After mixing a strange concoction of items in the mystery Box they race over to another Stainless Steel box.
On first watching this show I had no idea what this was or what this was meant to do.
A little while later, as a side note. The voice over guy explains this is a blast chiller. “It cool things food rapidly using fast-moving cold air.”
Have you watched Masterchef & wondered why they keep using a blast chiller?
So what the heck is a Blast Chiller?Irinox Multi Fresh Blast Chiller Shock Freezer
Commercial Kitchens have started to see the advantage of adding a Blast chiller to their arsenal. It's now regarded as “Must have a piece of equipment in their kitchens”.
With a Blast Chiller, it's possible to lower the temperature of foods you have just cooked.

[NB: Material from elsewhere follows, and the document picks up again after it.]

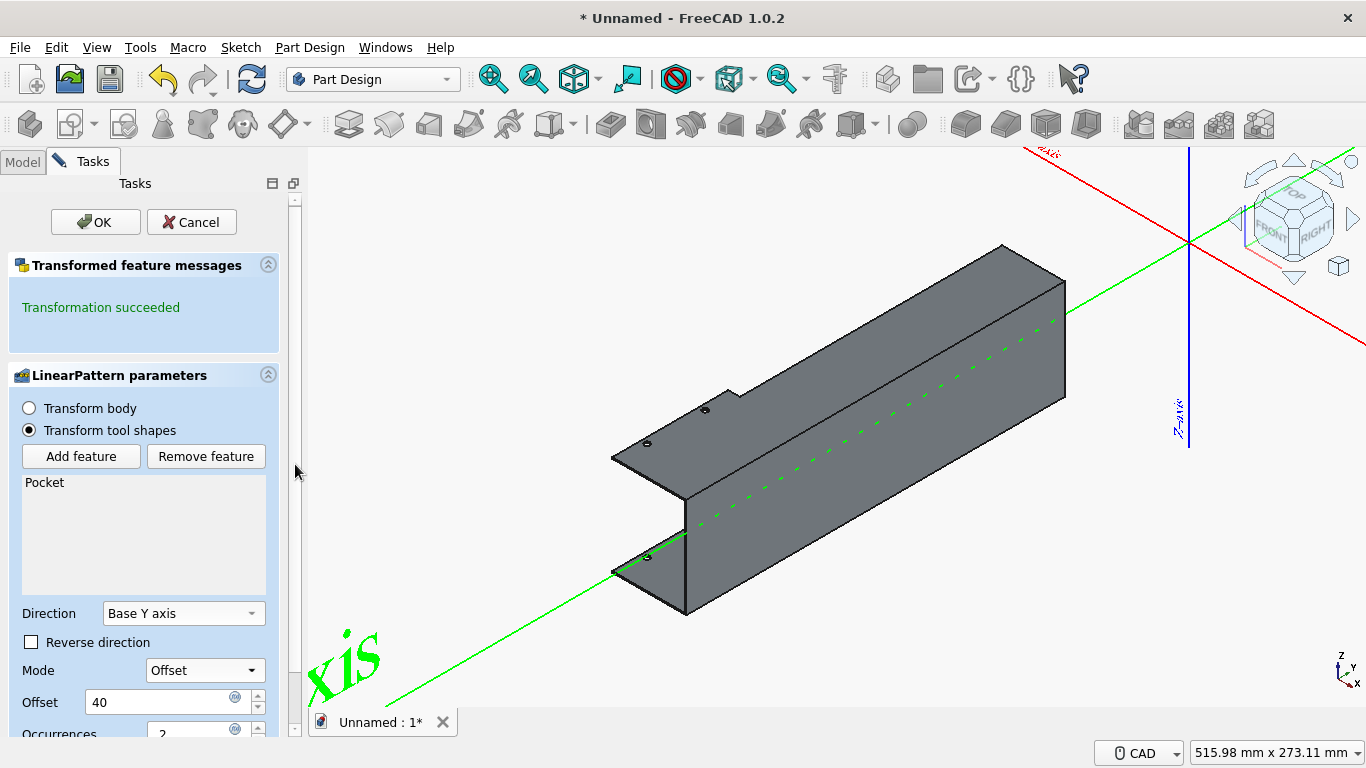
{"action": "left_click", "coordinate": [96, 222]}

You can reduce the temperature of cooked food from +70 °C to +5 °C or below within 90 minutes. Rendering your food safe for storage and later consumption.
All Businesses serving food. Cafes, Restaurants, Clubs even nursing homes are aware they need to apply HACCP systems to keep their food safe.

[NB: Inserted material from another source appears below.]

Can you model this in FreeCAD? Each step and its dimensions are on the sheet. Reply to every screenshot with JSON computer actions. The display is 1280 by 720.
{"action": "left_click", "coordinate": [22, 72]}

Bacteria growth multiplies fastest at the 'danger zone' between +70 °C to +5 °C.
When food stays in the "Danger Zone" it becomes unsafe for future consumption.
Extreme cold inhibits bacterial growth, which means using a Blast Chiller will preserve your food. So the likelihood of contamination is low.
If the Blast chiller only increased your food safety, for your commercial food preparation. Reducing the risk to your consumers. Then you're on a safety winner. Because you just reduced bacterial proliferation and dehydration of the food.
Yet a Blast Chiller will add some much more value to your business.
Your Blast Chiller will preserve the quality, colour, fragrance, flavour and appearance of your food. And extending its shelf life.
So let's look how a Blast Chiller works.
What is the working principle of a Blast Freezer?
When you freeze food, all the water molecules turn into crystals. If you place your food in commercial freezers, the freezing starts from a warm temperature.
Then the ice crystals which form will be large. Macro-Crystals.
Why Is Large Ice Crystals Problem For Frozen Food?
The larger the ice crystals the more damage they do to the cell walls of the food.
So when the large water crystals melts, it causes your frozen food, cell molecules to rupture. Now the texture and taste of your food will deteriorate. As the food thaws, liquid seeps out of the collapsed ruptured cells.
This causes changes to the texture of your food, making it softer and less resilient. All the liquid that seeps out of your thawed food is a loss, of weight, flavour and nutrients.
A Blast Freezer promotes rapid freezing the faster the freezing the smaller the crystals.
Your Blast chiller lowers the temperature at a rapid rate, so you get micro-crystallization. So you keep all the qualities of your food whole. Because your Blast Chiller freezes the water molecules in your food to a micro-crystallization state the food molecules are not destroyed.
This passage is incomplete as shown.